EDIT: Oh, probably I wasn't clear. I already have a templated function
template<class T> void f(T) {...}
But now I want to specialize this function to accept a const& to another object:
template<> void f(const SpecificObject&) {...}
But it only gets called if I define it as
template<> void f(SpecificObject) {...}
Basically what I want to do with this specialization is to adapt the SpecificObject to the template interface like
template<> void f(SpecificObject obj){ f(obj.Adapted()); } // call the templated version
EDIT2: Ok, I can force the const C& specialization to be called this way:
f<const C&>(c);
but is there a way to make it work like this as just f(c)?

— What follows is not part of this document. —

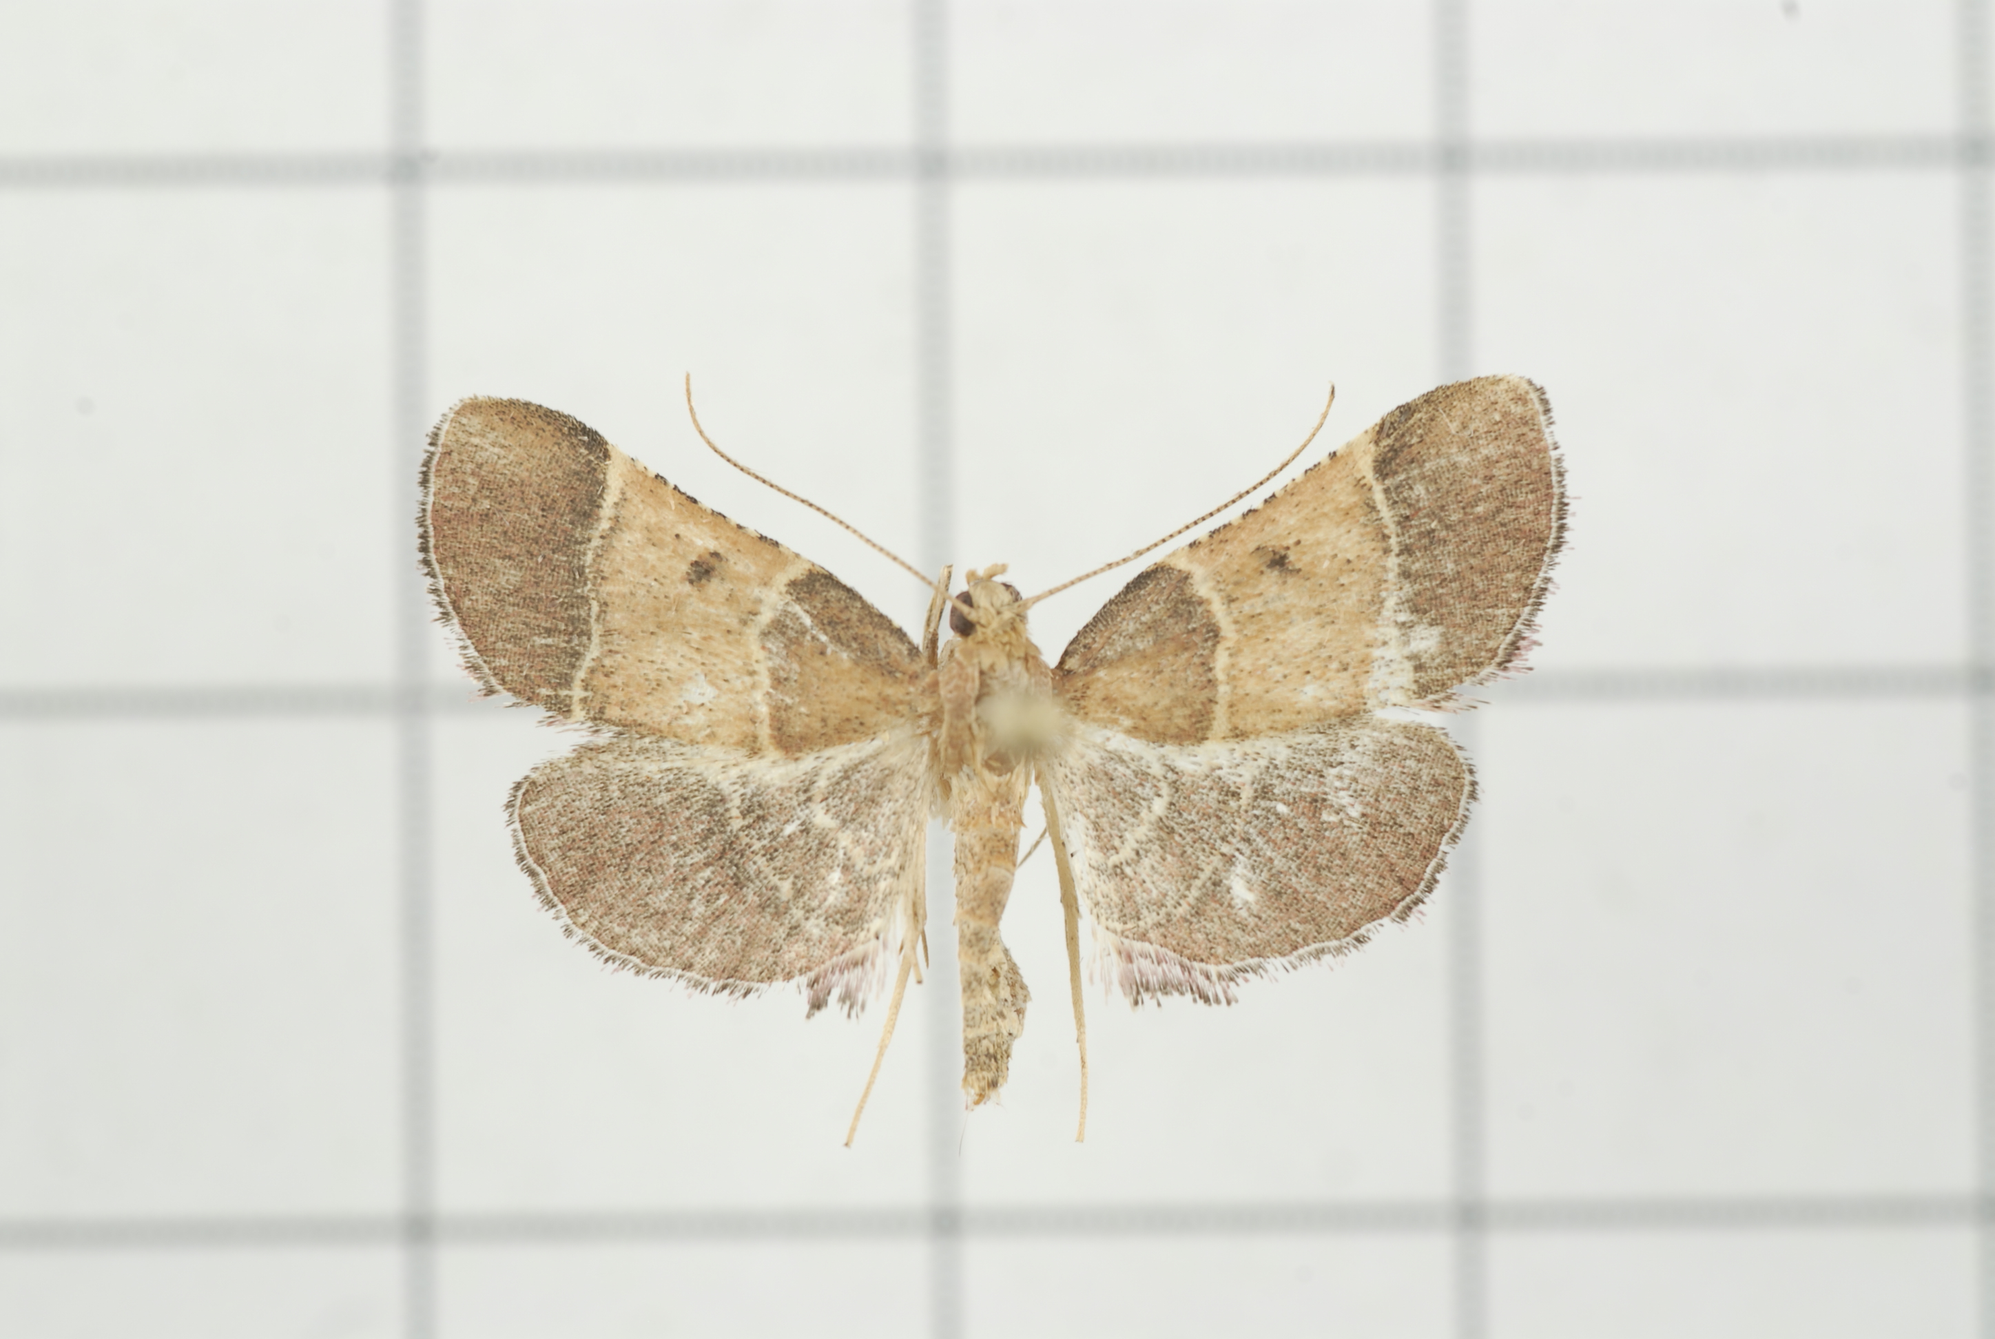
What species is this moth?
Tegulifera bicoloralis

EDIT3: If someone would eventually have similar questions, I finally found this link in another question, and it is helpful: http://www.gotw.ca/publications/mill17.htm
You're conflating three issues: templates, overloading and argument passing.
Just remove the specializations and pass the argument as T const&.
Cheers & hth.,
Why don't you overload:
void f(const C& c) { cout << "f(const C&)" << endl; }
This would work:
int main()
{
C c;
f<const C&>(c);
return 0;
}
Your alternative:
template<typename T> void f(const boost::reference_wrapper<T const>& c)
{ cout << "f<boost_const_ref&>" << endl; }
int main()
{
C c;
f(boost::cref(c));
return 0;
}
In reality you would use boost::reference_wrapper to pass the reference through to where you want to use it. You can use get() to do that, although boost::reference_wrapper has an implicit conversion back to the reference, so you could probably get by without the partial-specialisation of the template and just passing boost::cref(c) to the regular one.
So if you don't always want to accept a const reference (which is reasonable for base types [int, long, float etc.]), you can use a little boost magic.
#include <iostream>
#include <boost/call_traits.hpp>
using namespace std;
struct C
{
C() { cout << "C()" << endl; }
C(const C&) { cout << "C(C)" << endl; }
//C& operator=(C const&) { cout << "C=C" << endl; return *this; }
~C() { cout << "~C()" << endl; }
};
template<class T> void foo(typename boost::call_traits<T>::param_type inst) { cout << "f<T>" << endl; }
// specialization for calling class C
template<> void foo<C>(boost::call_traits<C>::param_type inst) { cout << "f<C>" << endl; }
int main()
{
int i = 0;
foo<int>(i);
C c;
foo<C>(c);
return 0;
}
Your problem is that the actual parameter c isn't const, so the main template is a better match because it doesn't need to add 'const' to the type. If you try functions that pass by value and by non-const reference, the compiler will tell you that it cannot resolve that difference.
#include <iostream>
using namespace std;
struct C
{
C() { cout << "C()" << endl; }
C(const C&) { cout << "C(C)" << endl; }
~C() { cout << "~C()" << endl; }
};
template<class T> void f(const T&) { cout << "f<T>" << endl; }
int main()
{
C c;
f(c);
return 0;
}
This does do what you would like, but you must then use a const ref for all values passed into the function. I do not know if this was what you were looking for.